“Belligerent rhetoric only plays into the hands of the Saudi monarchy”

A report discusses the next “front” in the Iran-Saudi war.

It opens, “Looks like 2016 was born in violence. Saudi Arabia’s execution of popular Saudi Shiite cleric Nimr al-Nimr has led to an escalation with its regional nemesis, Iran. After Saudi Arabia’s embassy in Tehran was sacked by an angry Iranian mob, Riyadh severed diplomatic ties with the country and organized a regional coalition of countries to isolate it further — Bahrain, the United Arab Emirates, Qatar, Kuwait, Djibouti, and Sudan have all cut or downgraded diplomatic ties with the Islamic Republic in the incident’s aftermath. Iran accused Saudi Arabia of going even further Thursday, claiming that Saudi warplanes had launched airstrikes against its embassy in war-torn Yemen”.

It goes on to mention “Far from being an angry string of irrational actions, the Saudi escalation in recent days seems like a cold and premeditated act of international gamesmanship. Meanwhile, there is reason to believe that Iran’s moves following Nimr’s execution were a strategic blunder. Sheikh Nimr was, after all, a Saudi citizen; by going beyond condemnation to issuing threats, Iran’s reaction served to confirm, rather than challenge, the Saudi narrative about the cleric as a terrorist mastermind in the employ of an Iranian agenda. But the fallout from the recent war of words won’t only be felt on the battlefields of Syria and Yemen. While the military struggles in the region get the most attention, the most important area in which the conflict will play out could be the economic arena”.

He posits that “it looks like Riyadh and Tehran will increase support for their allies, as a negotiated peace looks further away than ever. Unfortunately, Syrian and Yemeni civilians will bear the brunt of the violence. The markets have also weighed in, and they do not appear to expect any direct military confrontation between the two countries. The oil market is particularly sensitive to disruptions in oil supply routes or facilities, as would occur during a conflict between the two Gulf powers. But while there was a spike in oil prices immediately following the recent escalation, it was short-lived, and prices continue to slide, hitting an 11-year low Wednesday”.

He writes that the Saudis aim to weaken Iranian economic growth, “Even as oil prices sit near an 11-year low, Saudi Arabia has continued to pump massive amounts of crude oil. It has repeatedly refused to cut production, rendering OPEC’s price-setting mechanisms useless — and the kingdom has enough excess capacity to drive the price even further down.

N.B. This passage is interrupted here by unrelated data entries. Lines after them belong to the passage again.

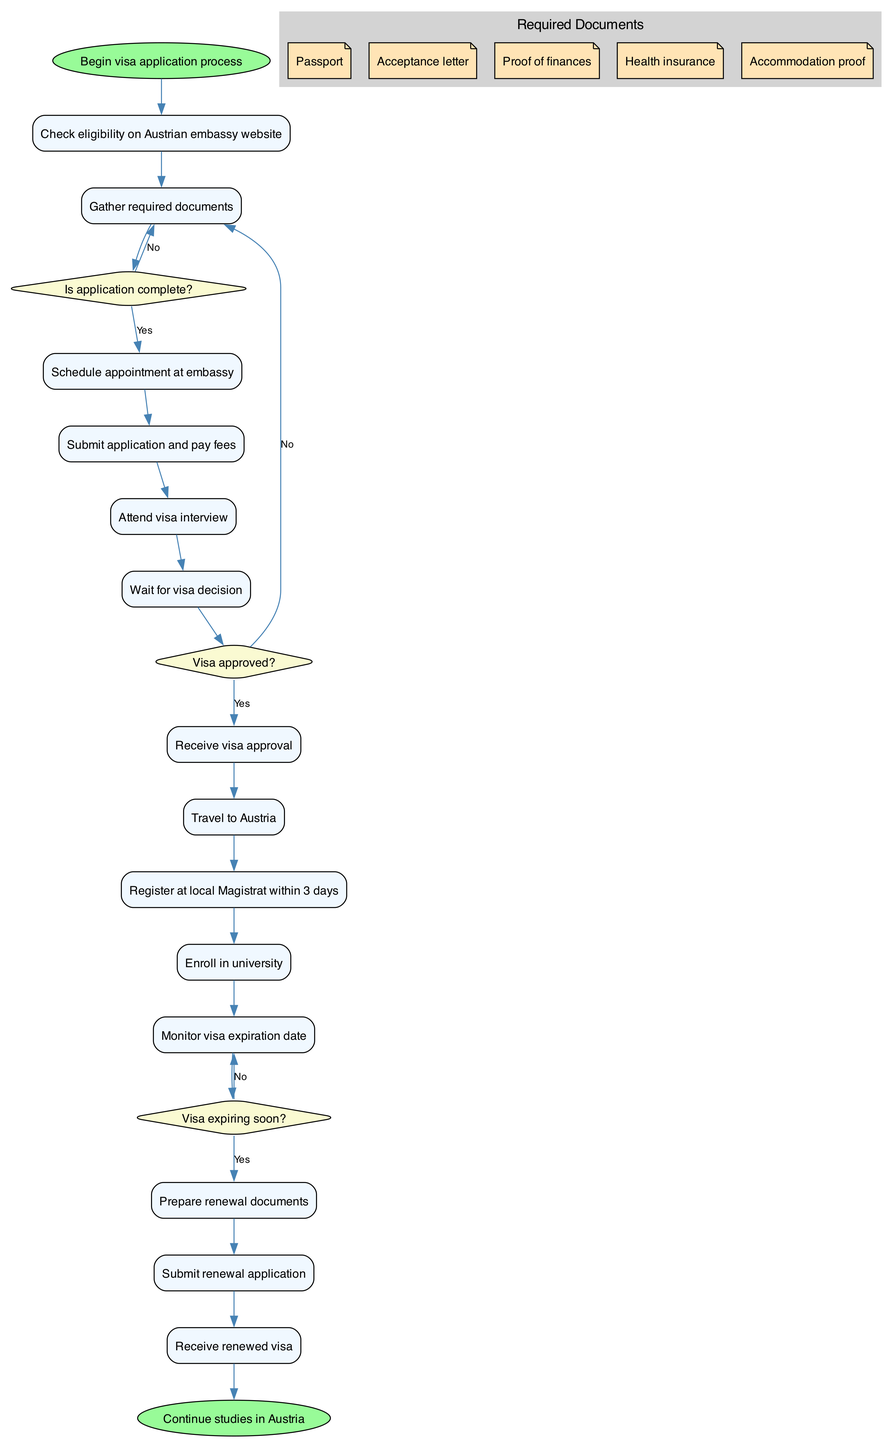What is the first activity in applying for a student visa? The first activity in the diagram, starting from the 'start' node, is "Check eligibility on Austrian embassy website."
Answer: Check eligibility on Austrian embassy website How many decisions are present in the diagram? By counting the nodes categorized as decisions (shaped as diamonds), we find there are three decisions: "Is application complete?", "Visa approved?", and "Visa expiring soon?".
Answer: 3 What is required before submitting the visa application? The document required is the "Acceptance letter," which is included in the cluster labeled 'Required Documents.' Before submitting, one must gather essential documents, including the acceptance letter.
Answer: Acceptance letter What happens if the visa application is incomplete? If the application is incomplete, the flow directs back to "Gather required documents" based on the arrow stemming from the decision "Is application complete?" that leads to this activity when answered 'No.'
Answer: Gather required documents What is the final step after receiving the renewed visa? The last activity in the flow is the 'end' node, which states "Continue studies in Austria," occurring after "Receive renewed visa."
Answer: Continue studies in Austria What is an activity that occurs after visa approval? After receiving visa approval, the next activity according to the flow is "Travel to Austria." Approval leads directly to travel plans.
Answer: Travel to Austria What document is necessary to prove financial means? The required document here is "Proof of finances," which is explicitly mentioned among the necessary paperwork listed in the 'Required Documents' section.
Answer: Proof of finances If a visa is expiring soon, what is the first step according to the diagram? Upon checking the decision "Visa expiring soon?", if answered 'Yes,' the flow leads to "Prepare renewal documents" immediately after monitoring the expiration date.
Answer: Prepare renewal documents What is the shape of the nodes representing activities? The nodes representing activities are shown as rectangles with rounded corners, indicating their nature as activities in this flow.
Answer: Rectangle 
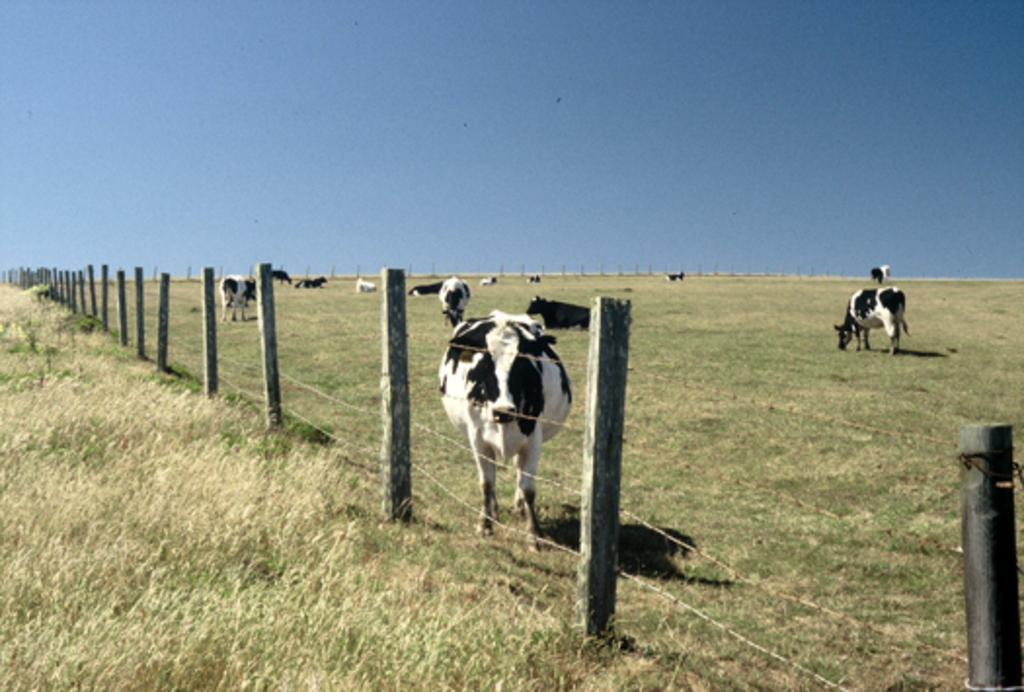Please provide a concise description of this image. In this image there are animals and we can see a fence. At the bottom there is grass. In the background there is sky. 
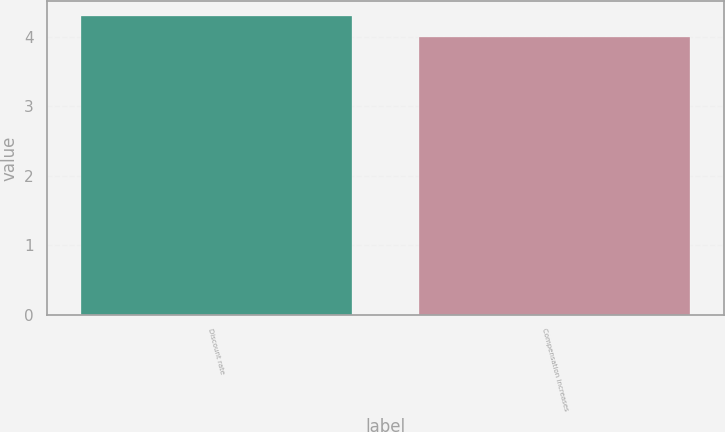Convert chart to OTSL. <chart><loc_0><loc_0><loc_500><loc_500><bar_chart><fcel>Discount rate<fcel>Compensation increases<nl><fcel>4.3<fcel>4<nl></chart> 
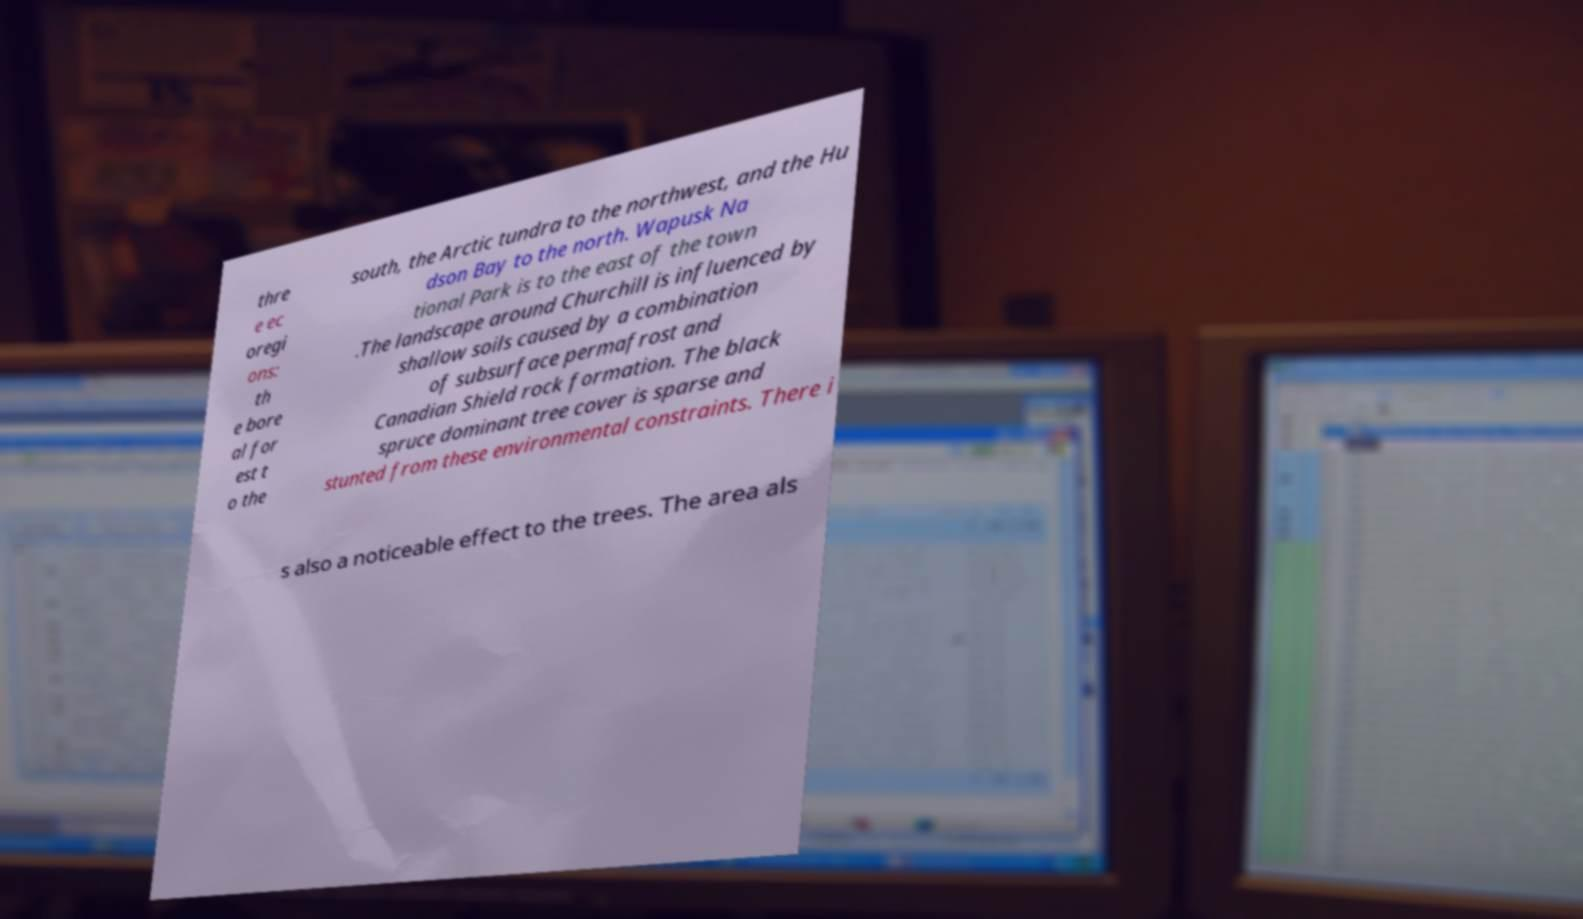I need the written content from this picture converted into text. Can you do that? thre e ec oregi ons: th e bore al for est t o the south, the Arctic tundra to the northwest, and the Hu dson Bay to the north. Wapusk Na tional Park is to the east of the town .The landscape around Churchill is influenced by shallow soils caused by a combination of subsurface permafrost and Canadian Shield rock formation. The black spruce dominant tree cover is sparse and stunted from these environmental constraints. There i s also a noticeable effect to the trees. The area als 
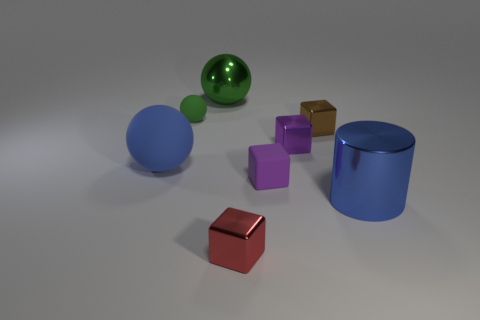Do the object behind the green rubber ball and the tiny brown block have the same size?
Provide a short and direct response. No. How many brown metal things are behind the big thing that is behind the large blue object on the left side of the red cube?
Offer a very short reply. 0. What number of blue things are big cylinders or matte spheres?
Your answer should be compact. 2. What color is the large thing that is made of the same material as the blue cylinder?
Provide a succinct answer. Green. Is there anything else that has the same size as the green rubber object?
Provide a short and direct response. Yes. How many small objects are purple matte cylinders or brown cubes?
Your answer should be very brief. 1. Is the number of brown things less than the number of green metal blocks?
Give a very brief answer. No. The tiny thing that is the same shape as the big blue matte thing is what color?
Offer a very short reply. Green. Are there any other things that are the same shape as the small brown thing?
Your answer should be compact. Yes. Are there more large blue rubber things than red metallic cylinders?
Your answer should be very brief. Yes. 
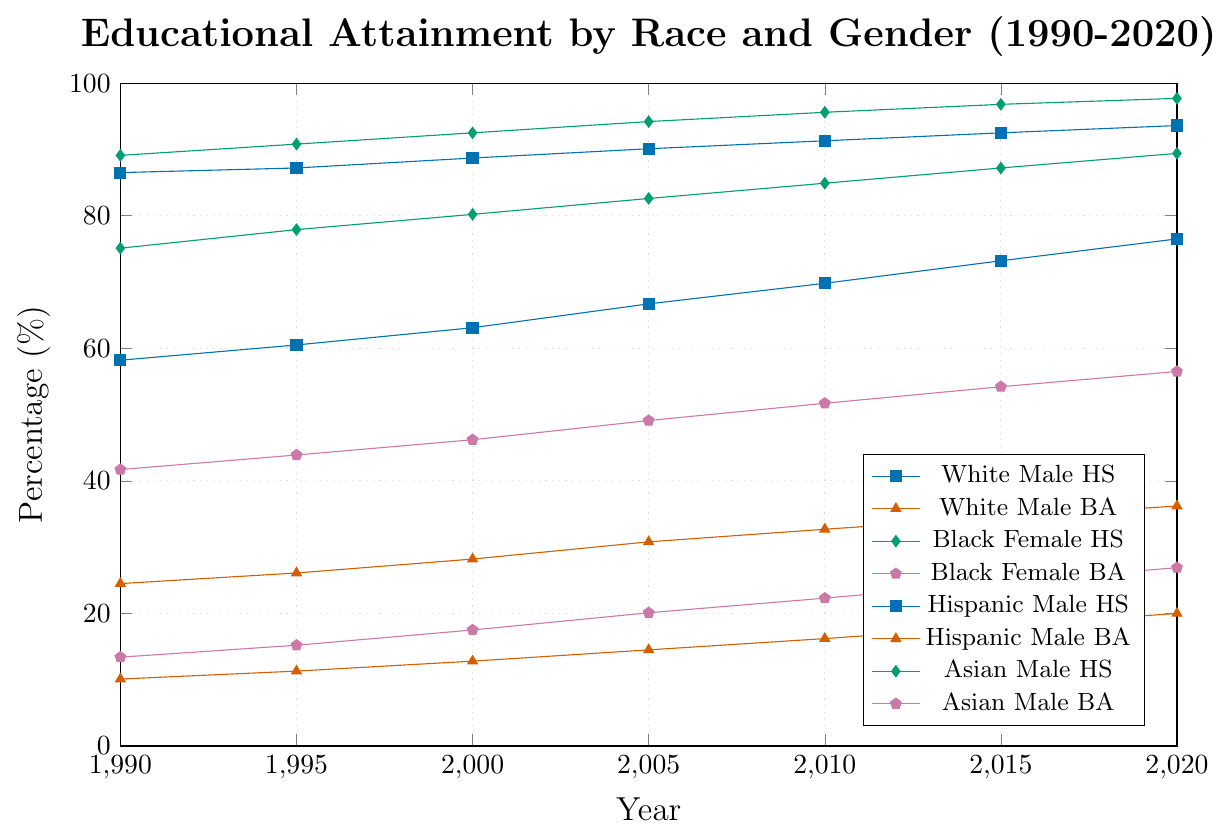What is the percentage of White Males with a Bachelor's degree in 2020? Look for the point corresponding to 2020 on the line for White Males with a Bachelor's (BA) degree. Refer to the legends for color and marker style identification.
Answer: 36.2% How did the percentage of Black Females with a High School diploma change from 1990 to 2020? Identify the starting value in 1990 and the end value in 2020 for Black Females with a High School (HS) diploma by looking at the corresponding line in the plot. Subtract the 1990 value from the 2020 value.
Answer: Increased by 14.3% Which group had the highest percentage of individuals with a High School diploma in 2020? Compare the data points for the year 2020 for each group with a High School diploma by looking at the highest points on the lines corresponding to 2020.
Answer: Asian Males What is the difference in the percentage of Bachelor's degree attainment between Hispanic Males and Hispanic Females in 2000? Find the Bachelor's degree data points for both Hispanic Males and Hispanic Females in 2000, and subtract the Hispanic Female percentage from the Hispanic Male percentage.
Answer: 0.1% Between 1990 and 2020, which group showed the most significant increase in Bachelor's degree attainment percentage? Calculate the difference between 2020 and 1990 for the Bachelor's degree attainment for each group, then identify the highest value.
Answer: Asian Males Which group had a higher percentage: Black Females with a Bachelor's degree or Hispanic Males with a High School diploma in 2005? Compare the 2005 values of Black Females with a Bachelor's degree and Hispanic Males with a High School diploma from the plot.
Answer: Hispanic Males with a High School diploma How did the percentage of Asian Males with a High School diploma evolve from 1990 to 2020? Identify the starting value in 1990 and the end value in 2020 for Asian Males with a High School diploma. Describe the general trend observed in the plot.
Answer: Increased from 89.1% to 97.7% What is the average percentage of White Females with a Graduate degree in 1990 and 2020? Locate the percentage values for White Females with a Graduate degree in both 1990 and 2020. Calculate the average by summing them up and dividing by 2.
Answer: 9.6% Which group exhibited the smallest percentage increase in Bachelor's degree attainment from 1990 to 2020? Calculate the percentage difference in Bachelor's degree attainment for each group between 1990 and 2020, and identify the group with the smallest increase.
Answer: Hispanic Males

Analysts have speculated that Riyadh might be trying to drive U.S. shale oil producers out of the market, but the more important aim is to wreak havoc on the budgets of Iran and Russia, both of which are dependent on oil revenues for income”.

He notes that “While the Saudi economy is more heavily reliant on oil than Iran’s, its foreign exchange reserves are far higher and its sovereign wealth fund owns far more assets. It also still has the untapped option of issuing bonds — it has the world’s lowest GDP-to-debt ratio (under 2 percent) and a high credit rating. Most importantly, Riyadh is already taking steps to inject more funds into government coffers: The development to watch out for is the planned economic reforms package, which would institute a value-added tax, cut subsidies, and privatise certain sectors. According to Saudi calculations, should this be successful, the country will see a balanced budget before 2020. Iran, on the other hand, does not have as many options. It’s already in the midst of a subsidy reform plan and, unlike Saudi Arabia, already taxes its citizens. Raising taxes is difficult when inflation is high (16.2 percent) and unemployment is in the double digits (10.4 percent). The oil price necessary to balance Iran’s budget is much higher than the price needed to balance the Saudi budget; the Iranian oil sector is in need of development after more than a decade of sanctions”.

He goes on to write “For these reasons, Iran’s aggressive reaction to Nimr’s death represents a strategic blunder. Rather than simply issuing a condemnation, Iranian leaders issued what could only be construed as a direct threat. Iran’s supreme leader, Ayatollah Ali Khamenei, talked of “divine vengeance”; a spokesman at its Foreign Ministry said that Saudi Arabia will “pay a high price.” Hezbollah leader Hassan Nasrallah gave a televised speech in which he went so far as to describe Saudi Arabia as an illegitimate state and said that Nimr’s execution “will not pass.” This belligerent rhetoric only plays into the hands of the Saudi monarchy, whose recent tough stance toward Iran seems to have become very popular at home”.

He ends “A young Shiite man from the kingdom’s Eastern Province is now less likely to feel Saudi or adopt a Saudi identity — something that does not bode well for the future. After the executions, young protestors in Nimr’s hometown marched to chants of “the people demand the downfall of the Sauds.” Saudi Arabia and Iran could have solved their long-standing issues without destabilizing the region, but they instead chose to cynically exploit existing sectarian tensions. The final chapter in this saga has not yet been written — but the region will not see peace until both sides recognize and respect each other’s boundaries”.